Published 2022-07-29
Copyright (c) 2022 SOFIAN, S.H., M.H., AFIDATUN NAHDIAH
This work is licensed under a Creative Commons Attribution 4.0 International License.
Abstract
Tren keterwakilan perempuan di parlemen terus menunjukkan peningkatan dari periode ke periode pemilihan legislatif di DPR RI.Akan tetapi, walaupun jumlah anggota DPR perempuan meningkat, namun jumlah ini belum pernah mencapai 30 persen keterwakilan perempuan di DPR. Pada Pemilu 2019 persentase anggota perempuan terpilih hanya mencapai 20,8 persen atau 120 Anggota Legislatif perempuan dari total 575 kursi. Sementara tahun 2014 jumlah anggota DPR perempuan terpilih hanya 17,32 persen.
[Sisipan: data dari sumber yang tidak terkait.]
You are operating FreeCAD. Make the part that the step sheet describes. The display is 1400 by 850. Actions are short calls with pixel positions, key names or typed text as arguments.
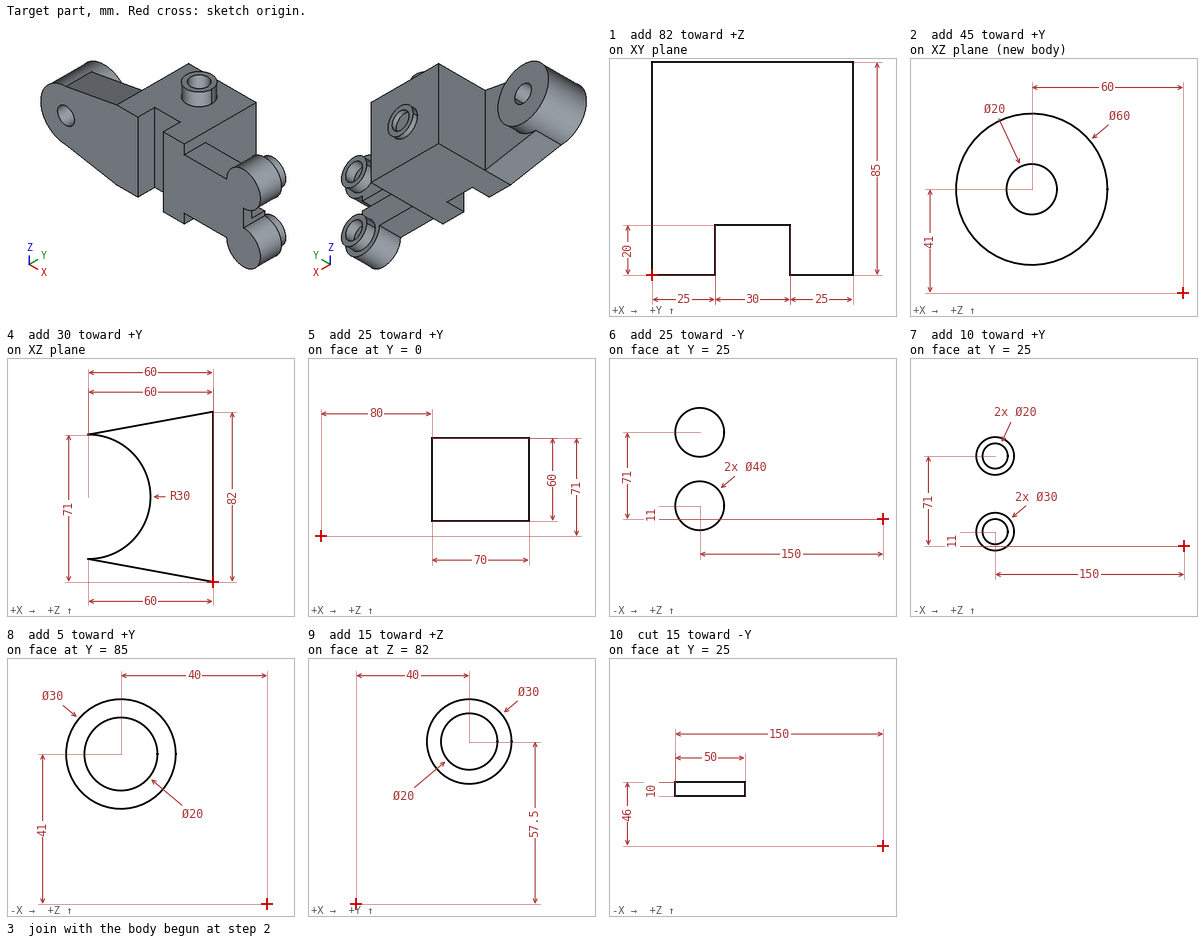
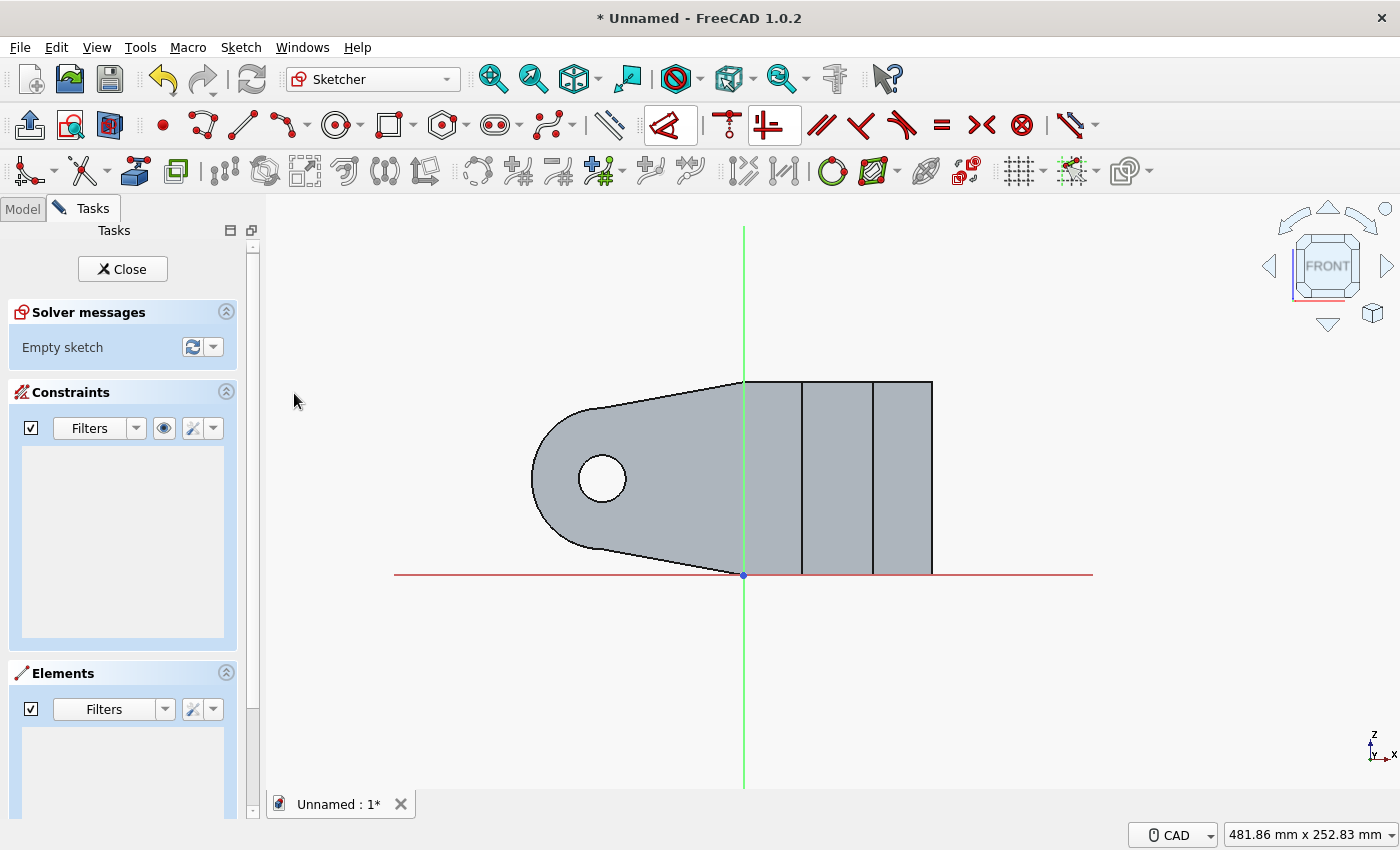
scroll(1109, 492, up, 3)

Padahal Aturan hukum yang mengatur hal tersebut dapat dilihat dalam UUD NRI TAHUN 1945 dan UU Pemilu, UU Partai politik maupun aturan KPU yang menjadi payung hukum sebagai jaminan ruang untuk perempuan ikut serta di dalam proses berbangsa dan bernegara khususnya keterwakilan 30% perempuan di parlemen. Tujuan penulisan ini yakni untuk menganalisis bagaimana kendala yang dihadapi perempuan dalam mencapai pemenuhan kuota 30 persen keterwakilan perempuan di parlemen.Adapun metode yang digunakan yakni metode deskriptif guna menghasilkan data yang bersifat kualitatif. Hasil dari penulisan ini menunjukkan bahwa, Aturan affirmative action kuota 30 persen perempuan dan zipper system belum sepenuhnya berhasil dicapai oleh calon anggota DPR perempuan yang berhasil menduduki kursi parlemen. Perempuan masih mengalami kendala terhadap permasalahan ketimpangan gender yang mengakar dalam budaya masyarakat patriarki. Dominasi laki-laki di dunia politik dan parlemen sudah berlangsung sejak lama, membuat perempuan tertinggal dan memiliki akses yang lebih terbatas dalam meningkatkan kemampuannya untuk berpartisipasi di ranah politik.
Kata Kunci: Kendala, affirmative action, Representasi 30%Perempuan.